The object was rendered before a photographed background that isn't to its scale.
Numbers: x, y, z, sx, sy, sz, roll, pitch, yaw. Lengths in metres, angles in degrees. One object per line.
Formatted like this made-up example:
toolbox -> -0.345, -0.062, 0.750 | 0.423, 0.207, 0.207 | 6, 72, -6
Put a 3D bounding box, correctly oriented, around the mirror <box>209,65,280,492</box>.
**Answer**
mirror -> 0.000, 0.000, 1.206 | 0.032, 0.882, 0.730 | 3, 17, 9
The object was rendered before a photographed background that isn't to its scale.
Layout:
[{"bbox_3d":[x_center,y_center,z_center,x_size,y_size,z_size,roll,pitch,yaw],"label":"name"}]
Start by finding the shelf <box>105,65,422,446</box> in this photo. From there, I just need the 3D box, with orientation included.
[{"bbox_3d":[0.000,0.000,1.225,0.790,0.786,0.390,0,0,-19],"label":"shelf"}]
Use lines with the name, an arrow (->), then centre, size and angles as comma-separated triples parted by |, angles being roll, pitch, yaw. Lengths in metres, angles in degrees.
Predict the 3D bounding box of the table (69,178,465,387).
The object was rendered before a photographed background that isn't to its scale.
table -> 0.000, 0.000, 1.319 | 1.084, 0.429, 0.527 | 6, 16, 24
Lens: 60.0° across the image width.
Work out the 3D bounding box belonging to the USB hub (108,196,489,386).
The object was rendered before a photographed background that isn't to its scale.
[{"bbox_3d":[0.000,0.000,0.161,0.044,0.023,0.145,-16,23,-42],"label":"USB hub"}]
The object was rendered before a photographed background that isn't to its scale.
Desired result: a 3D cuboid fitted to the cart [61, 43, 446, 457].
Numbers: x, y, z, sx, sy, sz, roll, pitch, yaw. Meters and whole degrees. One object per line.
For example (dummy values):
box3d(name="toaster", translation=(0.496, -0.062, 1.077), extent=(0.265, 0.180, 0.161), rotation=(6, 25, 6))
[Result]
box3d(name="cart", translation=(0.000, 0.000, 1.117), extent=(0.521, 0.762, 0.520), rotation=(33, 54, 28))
--
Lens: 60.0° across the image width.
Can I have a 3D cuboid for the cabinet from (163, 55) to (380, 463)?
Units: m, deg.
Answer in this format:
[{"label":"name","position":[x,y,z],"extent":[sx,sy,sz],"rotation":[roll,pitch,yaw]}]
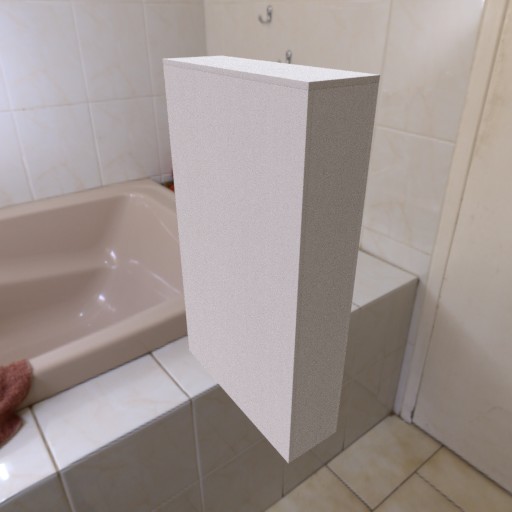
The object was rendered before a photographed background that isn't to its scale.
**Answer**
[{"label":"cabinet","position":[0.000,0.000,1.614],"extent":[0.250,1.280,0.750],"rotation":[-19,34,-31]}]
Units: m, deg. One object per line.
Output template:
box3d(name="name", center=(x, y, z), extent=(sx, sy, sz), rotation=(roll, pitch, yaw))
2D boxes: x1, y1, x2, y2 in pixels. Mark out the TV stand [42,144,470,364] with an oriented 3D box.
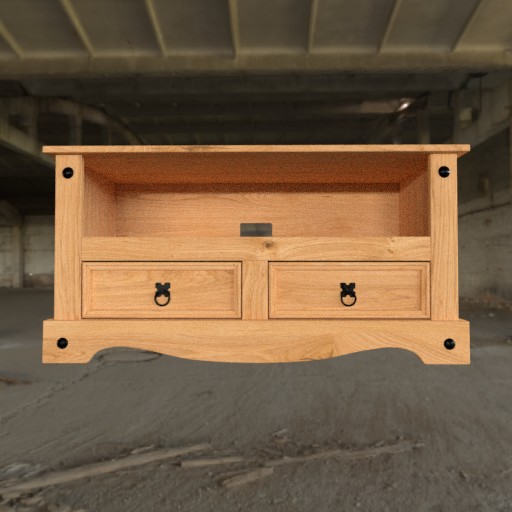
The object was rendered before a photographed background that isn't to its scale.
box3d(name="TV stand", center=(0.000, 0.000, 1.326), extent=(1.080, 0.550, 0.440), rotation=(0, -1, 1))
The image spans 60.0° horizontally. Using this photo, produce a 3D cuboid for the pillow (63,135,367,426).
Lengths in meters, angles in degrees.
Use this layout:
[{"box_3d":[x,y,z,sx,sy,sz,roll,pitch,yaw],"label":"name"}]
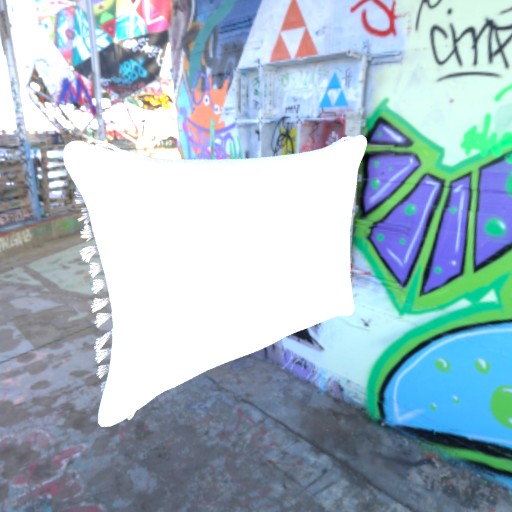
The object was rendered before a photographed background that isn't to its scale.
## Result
---
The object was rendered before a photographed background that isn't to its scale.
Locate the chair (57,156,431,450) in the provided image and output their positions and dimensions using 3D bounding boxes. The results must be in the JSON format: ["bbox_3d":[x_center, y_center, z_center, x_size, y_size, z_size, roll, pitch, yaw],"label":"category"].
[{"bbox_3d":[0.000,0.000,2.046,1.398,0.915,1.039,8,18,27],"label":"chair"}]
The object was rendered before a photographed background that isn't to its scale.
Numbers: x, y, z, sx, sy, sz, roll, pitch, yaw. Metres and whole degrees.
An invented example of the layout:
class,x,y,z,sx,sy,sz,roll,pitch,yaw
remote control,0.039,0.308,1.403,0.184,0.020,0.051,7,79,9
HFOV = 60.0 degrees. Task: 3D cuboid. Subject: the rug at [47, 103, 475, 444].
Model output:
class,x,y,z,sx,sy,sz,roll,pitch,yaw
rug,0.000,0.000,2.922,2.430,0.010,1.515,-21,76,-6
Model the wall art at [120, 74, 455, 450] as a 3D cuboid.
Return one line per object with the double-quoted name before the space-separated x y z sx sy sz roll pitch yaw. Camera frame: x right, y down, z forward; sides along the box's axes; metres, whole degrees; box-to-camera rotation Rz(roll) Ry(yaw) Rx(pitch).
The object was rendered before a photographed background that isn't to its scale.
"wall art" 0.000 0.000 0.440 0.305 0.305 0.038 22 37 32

About this task: Copy range, inclusive: the line holding "Desired result: a" to the line holding "rotation=(6, 25, 6))". Reproduce exactly those lines of the records above and no others.

Solved problem:
Desired result: a 3D cuboid fitted to the cart [61, 43, 446, 457].
Numbers: x, y, z, sx, sy, sz, roll, pitch, yaw. Meters and whole degrees. One object per line.
For example (dummy values):
box3d(name="toaster", translation=(0.496, -0.062, 1.077), extent=(0.265, 0.180, 0.161), rotation=(6, 25, 6))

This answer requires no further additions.